The task file task_prepare_data.py uses these objects to build the repetitions.

# Content of task_prepare_data.py
from pathlib import Path

from my_project.data_preparation.config import DATA
from my_project.data_preparation.config import path_to_input_data
from my_project.data_preparation.config import path_to_processed_data
from pandas import pd
from pytask import Product
from pytask import task
from typing_extensions import Annotated


def _create_parametrization(data: list[str]) -> dict[str, Path]:
    id_to_kwargs = {}
    for data_name, kwargs in data.items():
        id_to_kwargs[data_name] = {
            "path_to_input_data": path_to_input_data(data_name),
            "path_to_processed_data": path_to_processed_data(data_name),
            **kwargs,
        }

    return id_to_kwargs


_ID_TO_KWARGS = _create_parametrization(DATA)


for id_, kwargs in _ID_TO_KWARGS.items():

    @task(id=id_, kwargs=kwargs)
    def task_prepare_data(
        path_to_input_data: Path,
        subset: str,
        path_to_processed_data: Annotated[Path, Product],
    ) -> None:
        df = pd.read_csv(path_to_input_data)
        # ... transform the data.
        subset = df.loc[df["subset"].eq(subset)]
        subset.to_pickle(path_to_processed_data)

All arguments for the loop and the @task decorator are built within a function to keep the logic in one place and the module’s namespace clean.

Ids are used to make the task ids more descriptive and to simplify their selection with expressions. Here is an example of the task ids with an explicit id.

# With id
.../my_project/data_preparation/task_prepare_data.py::task_prepare_data[data_0]

Next, we move to the estimation to see how we can build another repetition on top.

# Content of config.py
from pathlib import Path

from my_project.config import BLD
from my_project.data_preparation.config import DATA

_MODELS = ["linear_probability", "logistic_model", "decision_tree"]


ESTIMATIONS = {
    f"{data_name}_{model_name}": {"model": model_name, "data": data_name}
    for model_name in _MODELS
    for data_name in DATA
}


def path_to_estimation_result(name: str) -> Path:
    return BLD / "estimation" / f"estimation_{name}.pkl"

In the local configuration, we define ESTIMATIONS which combines the information on data and model. The dictionary’s key can be used as a task id whenever the estimation is involved. It allows triggering all tasks related to one estimation - estimation, figures, tables - with one command.

pytask -k linear_probability_data_0

And here is the task file.

# Content of task_estimate_models.py
from pathlib import Path

from my_project.data_preparation.config import path_to_processed_data
from my_project.estimations.config import ESTIMATIONS
from my_project.estimations.config import path_to_estimation_result
from pytask import Product
from pytask import task
from typing_extensions import Annotated


def _create_parametrization(
    estimations: dict[str, dict[str, str]],
) -> dict[str, str | Path]:
    id_to_kwargs = {}
    for name, config in estimations.items():
        id_to_kwargs[name] = {
            "path_to_data": path_to_processed_data(config["data"]),
            "model": config["model"],
            "path_to_estimation": path_to_estimation_result(name),
        }

    return id_to_kwargs


_ID_TO_KWARGS = _create_parametrization(ESTIMATIONS)
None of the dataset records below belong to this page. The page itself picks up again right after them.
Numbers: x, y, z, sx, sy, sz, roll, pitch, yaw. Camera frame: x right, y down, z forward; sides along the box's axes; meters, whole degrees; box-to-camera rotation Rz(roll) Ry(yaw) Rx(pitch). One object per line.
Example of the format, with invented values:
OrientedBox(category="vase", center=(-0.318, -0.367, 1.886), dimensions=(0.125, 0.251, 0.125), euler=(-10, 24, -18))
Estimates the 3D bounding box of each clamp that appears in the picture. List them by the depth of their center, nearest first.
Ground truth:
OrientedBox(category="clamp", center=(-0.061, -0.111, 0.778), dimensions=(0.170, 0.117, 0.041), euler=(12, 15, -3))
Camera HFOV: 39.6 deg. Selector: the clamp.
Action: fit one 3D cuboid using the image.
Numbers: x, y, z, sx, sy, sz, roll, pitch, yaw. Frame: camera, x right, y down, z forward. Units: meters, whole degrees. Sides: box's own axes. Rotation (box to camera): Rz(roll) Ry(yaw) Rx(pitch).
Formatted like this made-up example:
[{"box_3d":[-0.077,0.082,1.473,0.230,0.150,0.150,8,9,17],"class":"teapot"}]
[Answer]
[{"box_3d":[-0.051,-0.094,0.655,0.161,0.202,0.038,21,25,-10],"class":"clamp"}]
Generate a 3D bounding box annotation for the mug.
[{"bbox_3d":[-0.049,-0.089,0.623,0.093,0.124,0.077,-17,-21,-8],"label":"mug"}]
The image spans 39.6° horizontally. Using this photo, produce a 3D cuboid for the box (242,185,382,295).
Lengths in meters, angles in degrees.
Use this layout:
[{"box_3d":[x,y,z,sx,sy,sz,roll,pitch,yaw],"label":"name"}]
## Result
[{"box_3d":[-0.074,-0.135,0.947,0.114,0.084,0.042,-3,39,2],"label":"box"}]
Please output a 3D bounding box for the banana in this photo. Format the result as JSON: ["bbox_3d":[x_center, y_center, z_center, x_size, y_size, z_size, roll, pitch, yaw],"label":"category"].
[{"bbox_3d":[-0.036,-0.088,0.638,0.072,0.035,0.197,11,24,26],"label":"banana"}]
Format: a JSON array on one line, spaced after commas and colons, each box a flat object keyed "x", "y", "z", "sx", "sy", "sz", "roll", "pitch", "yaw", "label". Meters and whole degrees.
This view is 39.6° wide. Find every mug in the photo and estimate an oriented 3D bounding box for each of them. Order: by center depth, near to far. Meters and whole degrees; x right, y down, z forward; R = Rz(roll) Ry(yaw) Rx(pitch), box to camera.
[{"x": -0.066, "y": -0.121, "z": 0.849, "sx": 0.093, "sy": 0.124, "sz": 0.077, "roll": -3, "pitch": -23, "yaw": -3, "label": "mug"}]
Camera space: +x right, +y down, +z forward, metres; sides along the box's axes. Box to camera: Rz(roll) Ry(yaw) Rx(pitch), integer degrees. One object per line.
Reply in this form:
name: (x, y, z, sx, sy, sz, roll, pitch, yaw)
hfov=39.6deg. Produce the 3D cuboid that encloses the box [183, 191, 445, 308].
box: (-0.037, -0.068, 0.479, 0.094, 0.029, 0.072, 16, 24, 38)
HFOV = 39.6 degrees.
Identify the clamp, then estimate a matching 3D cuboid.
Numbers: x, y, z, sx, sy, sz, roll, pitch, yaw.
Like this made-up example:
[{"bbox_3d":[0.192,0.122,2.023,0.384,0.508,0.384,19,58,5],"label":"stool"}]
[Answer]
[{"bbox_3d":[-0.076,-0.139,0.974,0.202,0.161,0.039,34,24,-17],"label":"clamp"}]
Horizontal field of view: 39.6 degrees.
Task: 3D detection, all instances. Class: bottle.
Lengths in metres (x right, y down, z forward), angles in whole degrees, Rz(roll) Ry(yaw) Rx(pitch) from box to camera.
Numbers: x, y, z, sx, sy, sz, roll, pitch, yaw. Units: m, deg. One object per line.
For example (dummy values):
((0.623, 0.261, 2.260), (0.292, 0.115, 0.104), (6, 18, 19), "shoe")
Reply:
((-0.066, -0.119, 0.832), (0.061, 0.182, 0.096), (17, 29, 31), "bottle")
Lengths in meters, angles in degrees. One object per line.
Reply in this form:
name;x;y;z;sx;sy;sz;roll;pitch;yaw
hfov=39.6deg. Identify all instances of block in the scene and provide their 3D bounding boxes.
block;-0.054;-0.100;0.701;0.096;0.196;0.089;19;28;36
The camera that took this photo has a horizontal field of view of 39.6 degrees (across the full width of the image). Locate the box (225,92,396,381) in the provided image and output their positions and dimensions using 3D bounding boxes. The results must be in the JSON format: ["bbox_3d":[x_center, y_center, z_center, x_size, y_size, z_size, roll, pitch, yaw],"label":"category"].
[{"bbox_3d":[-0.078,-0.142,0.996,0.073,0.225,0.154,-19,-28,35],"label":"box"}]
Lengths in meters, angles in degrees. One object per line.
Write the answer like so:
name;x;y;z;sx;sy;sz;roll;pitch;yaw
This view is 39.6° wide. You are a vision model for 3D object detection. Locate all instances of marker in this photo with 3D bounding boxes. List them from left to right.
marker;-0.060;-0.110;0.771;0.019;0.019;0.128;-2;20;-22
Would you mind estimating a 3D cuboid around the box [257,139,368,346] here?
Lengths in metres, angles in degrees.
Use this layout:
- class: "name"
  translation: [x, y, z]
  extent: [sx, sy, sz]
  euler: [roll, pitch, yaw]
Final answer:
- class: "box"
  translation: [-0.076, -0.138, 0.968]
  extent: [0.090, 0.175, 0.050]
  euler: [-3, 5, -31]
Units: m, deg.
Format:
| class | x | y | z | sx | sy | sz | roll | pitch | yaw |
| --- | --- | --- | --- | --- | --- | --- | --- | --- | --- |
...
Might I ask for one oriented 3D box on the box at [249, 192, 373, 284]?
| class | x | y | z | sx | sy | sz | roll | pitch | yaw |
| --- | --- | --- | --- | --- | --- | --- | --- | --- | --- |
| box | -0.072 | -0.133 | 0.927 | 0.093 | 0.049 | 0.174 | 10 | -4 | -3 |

for id_, kwargs in _ID_TO_KWARGS.items():

    @task(id=id_, kwargs=kwargs)
    def task_estmate_models(
        path_to_data: Path, model: str, path_to_estimation: Annotated[Path, Product]
    ) -> None:
        if model == "linear_probability":
            ...

Replicating this pattern across a project allows a clean way to define repetitions.

Extending repetitions

Some parametrized tasks are costly to run - costly in terms of computing power, memory, or time. Users often extend repetitions triggering all repetitions to be rerun. Thus, use the @pytask.mark.persist decorator, which is explained in more detail in this tutorial.